What you will do
In the records below, tally every line containing "output". Report only the total.

Information given
+---+

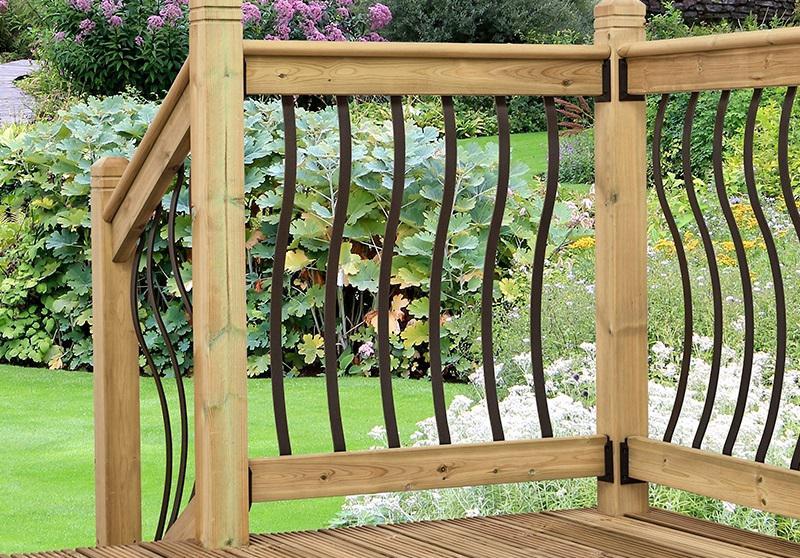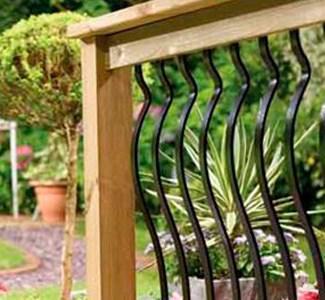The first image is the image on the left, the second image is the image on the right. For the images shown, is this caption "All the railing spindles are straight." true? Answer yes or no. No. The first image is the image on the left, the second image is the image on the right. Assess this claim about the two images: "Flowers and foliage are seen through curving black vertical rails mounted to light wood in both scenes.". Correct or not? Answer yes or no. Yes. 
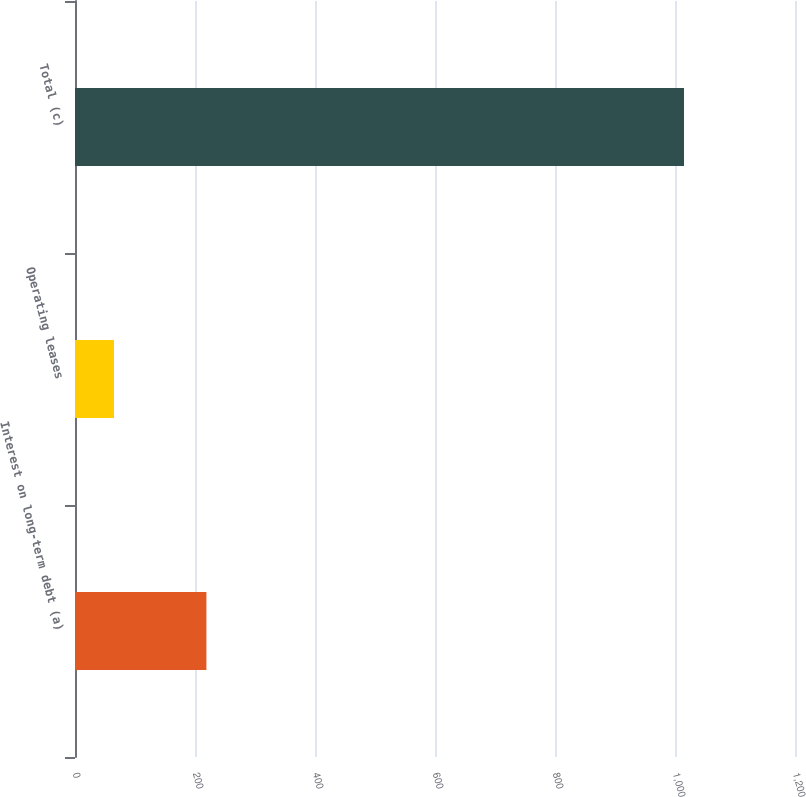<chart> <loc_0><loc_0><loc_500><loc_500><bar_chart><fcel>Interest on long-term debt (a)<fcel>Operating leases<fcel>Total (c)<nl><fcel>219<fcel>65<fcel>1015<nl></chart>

+---+

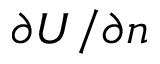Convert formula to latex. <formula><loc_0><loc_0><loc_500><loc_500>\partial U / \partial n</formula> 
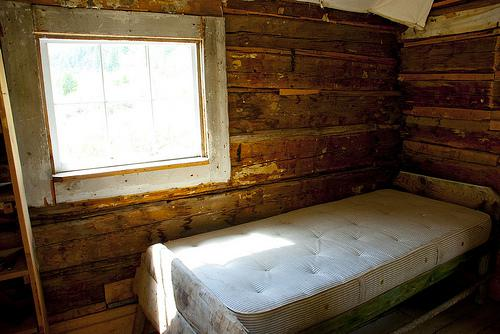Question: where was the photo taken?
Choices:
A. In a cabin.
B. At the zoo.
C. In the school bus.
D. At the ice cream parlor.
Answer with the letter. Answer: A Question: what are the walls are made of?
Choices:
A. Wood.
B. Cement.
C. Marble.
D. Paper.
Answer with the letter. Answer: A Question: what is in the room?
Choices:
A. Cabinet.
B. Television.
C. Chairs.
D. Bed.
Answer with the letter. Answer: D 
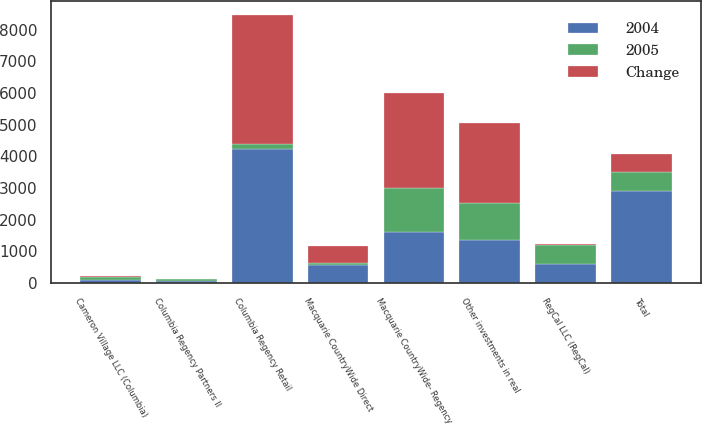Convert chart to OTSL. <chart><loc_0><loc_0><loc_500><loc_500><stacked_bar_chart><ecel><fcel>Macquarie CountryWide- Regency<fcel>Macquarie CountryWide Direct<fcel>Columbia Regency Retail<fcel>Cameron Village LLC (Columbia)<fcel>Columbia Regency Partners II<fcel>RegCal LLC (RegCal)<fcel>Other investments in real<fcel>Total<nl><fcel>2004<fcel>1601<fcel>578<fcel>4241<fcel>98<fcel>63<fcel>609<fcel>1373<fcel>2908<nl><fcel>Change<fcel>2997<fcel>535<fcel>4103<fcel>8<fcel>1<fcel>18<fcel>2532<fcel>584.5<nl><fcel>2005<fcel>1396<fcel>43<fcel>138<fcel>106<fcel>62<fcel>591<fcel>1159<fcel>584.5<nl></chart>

+---+

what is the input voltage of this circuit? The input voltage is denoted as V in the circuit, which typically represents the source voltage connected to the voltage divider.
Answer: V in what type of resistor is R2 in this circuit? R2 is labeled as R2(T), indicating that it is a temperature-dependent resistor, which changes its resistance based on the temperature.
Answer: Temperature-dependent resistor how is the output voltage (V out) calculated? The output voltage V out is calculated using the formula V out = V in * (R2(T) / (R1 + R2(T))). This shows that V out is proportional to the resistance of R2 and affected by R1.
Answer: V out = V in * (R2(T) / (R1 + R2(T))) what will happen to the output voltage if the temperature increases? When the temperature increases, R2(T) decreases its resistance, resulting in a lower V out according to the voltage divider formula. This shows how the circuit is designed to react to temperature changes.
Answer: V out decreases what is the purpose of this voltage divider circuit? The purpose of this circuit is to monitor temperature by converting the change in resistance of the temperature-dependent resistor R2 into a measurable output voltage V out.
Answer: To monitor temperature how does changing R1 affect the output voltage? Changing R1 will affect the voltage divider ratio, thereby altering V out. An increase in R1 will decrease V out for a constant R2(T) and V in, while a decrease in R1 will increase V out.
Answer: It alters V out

+---+

Result
4